2. **Expand Testing Scope:** Move beyond basic static string detection to test more complex scenarios, such as memory dumping protection (if applicable), using controlled, internal non-malicious data patterns that mimic real-world obfuscation techniques.
## Implementation Guidance
### For Small Organizations
- Focus heavily on **Immediate Actions (1, 2, and 3)**, as these methods require only basic tools (Notepad, built-in PowerShell) and confirm basic AV functionality is operational.
- Use the EICAR direct download link (`https://secure.eicar.org/eicar.com.txt`) as a quick method to check browser/network protection if file writing is restricted.
### For Medium Organizations
- Document observed detection success/failure across different file extensions and formalize these findings into a baseline operational check procedure.
- Systematically test ADS detection across multiple systems using the provided PowerShell commands to identify any inconsistencies in NTFS scanning configurations across the fleet.
### For Large Enterprises
- Script the EICAR and AMSI tests to be deployed via centralized management tools (e.g., Group Policy, configuration management software) to automate verification across thousands of endpoints.
- Record the administrative output (e.g., event logs, AV console notifications) from successful tests to validate the logging and alerting infrastructure upstream of the endpoint agent.
## Configuration Examples
| Test Target | Method/Tool | Specific Command/String |
| :--- | :--- | :--- |
| **File Detection** | Text Editor (Notepad) | Paste EICAR string and save as `test.EXE` |
| **ADS Detection** | PowerShell | `set-content .\ADS_Test.txt:EICAR‘X5O!P%@AP[4\PZX54(P^)7CC)7}$EICAR-STANDARD-ANTIVIRUS-TEST-FILE!$H+H*’` |
| **AMSI Detection** | PowerShell | Execute script containing: `'AMSI Test Sample: 7e72c3ce-861b-4339-8740-0ac1484c1386'` |
## Compliance Alignment
- **NIST SP 800-53 (CM):** Configuration Management and Control.

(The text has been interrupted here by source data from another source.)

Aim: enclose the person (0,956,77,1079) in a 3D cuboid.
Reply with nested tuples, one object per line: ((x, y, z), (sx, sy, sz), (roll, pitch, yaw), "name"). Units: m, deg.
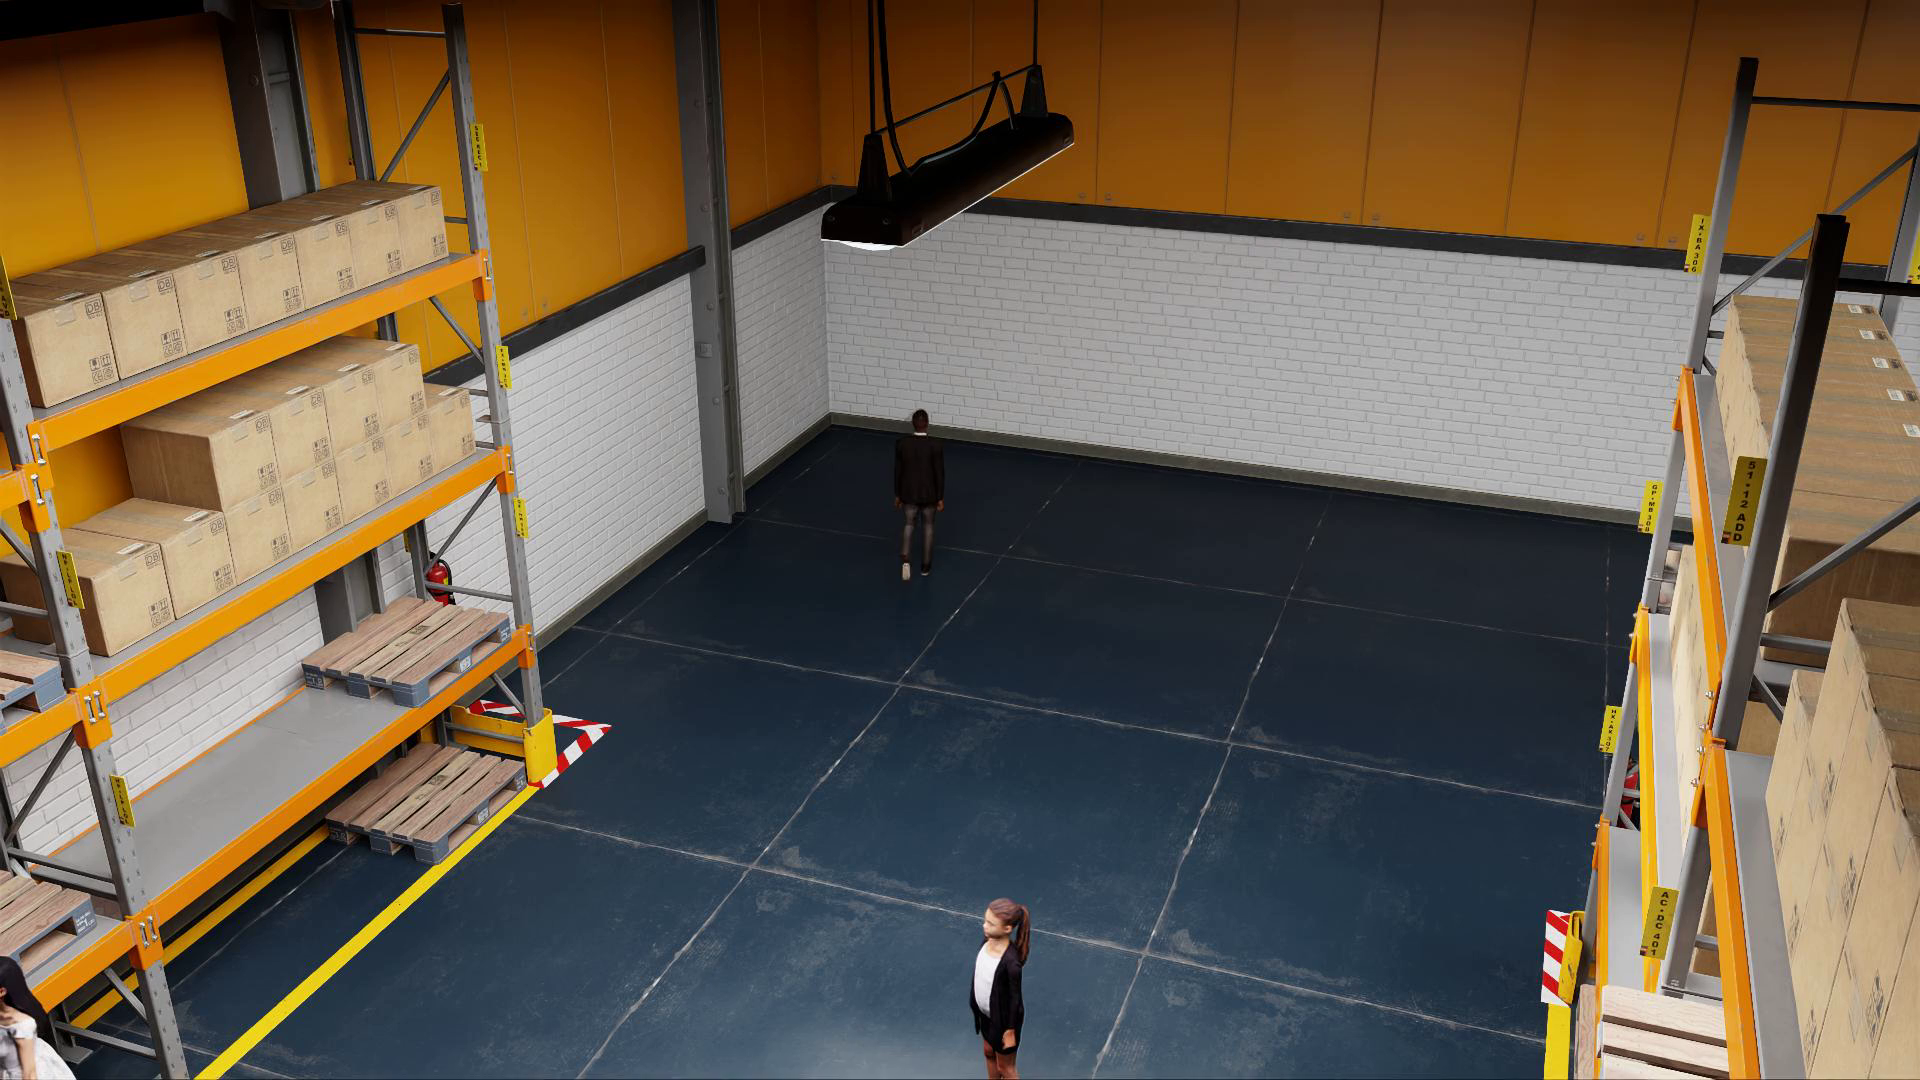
((-4.954, 2.967, 8.923), (0.812, 1.769, 0.781), (-17, 29, -33), "person")

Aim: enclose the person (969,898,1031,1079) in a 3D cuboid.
((0.233, 2.747, 9.694), (0.703, 1.555, 0.648), (-12, 26, -26), "person")

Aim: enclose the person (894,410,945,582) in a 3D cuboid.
((-0.417, -0.411, 16.630), (0.768, 1.786, 1.010), (4, 24, 10), "person")

Verifying AV functionality aligns with ensuring system security controls are operating as intended.
- **CIS Controls (Control 8: Malware Defenses):** Directly validates the ability of endpoint protection solutions to detect and prevent malware introduction and execution, even in non-traditional storage locations (like ADS) or memory.
## Common Pitfalls to Avoid
- **Focusing Only on `.EXE` Files:** Assuming the AV covers all file vectors; always test with inconspicuous extensions like `.TXT` or `.JPG` to check for comprehensive file type scanning policies.
- **Ignoring Alternate Data Streams (ADS):** Assuming file-based scanning is sufficient; malware often uses ADS on NTFS to evade simple scanners.
- **Misinterpreting Test Results:** A successful EICAR detection proves only that a *basic signature* was matched, not that the AV can detect complex, polymorphic malware binaries. Use these tests only as a function health check.
- **Failing to Check Alerting:** Confirming the local AV pop-up is not enough; ensure the security operations team receives a centralized alert confirming detection.
## Resources
- **EICAR Test File Standard:** Provides the known safe string used for file-based testing.
- **AMSI Documentation:** Microsoft documentation detailing how memory-based script scanning interfaces work (for advanced testing verification).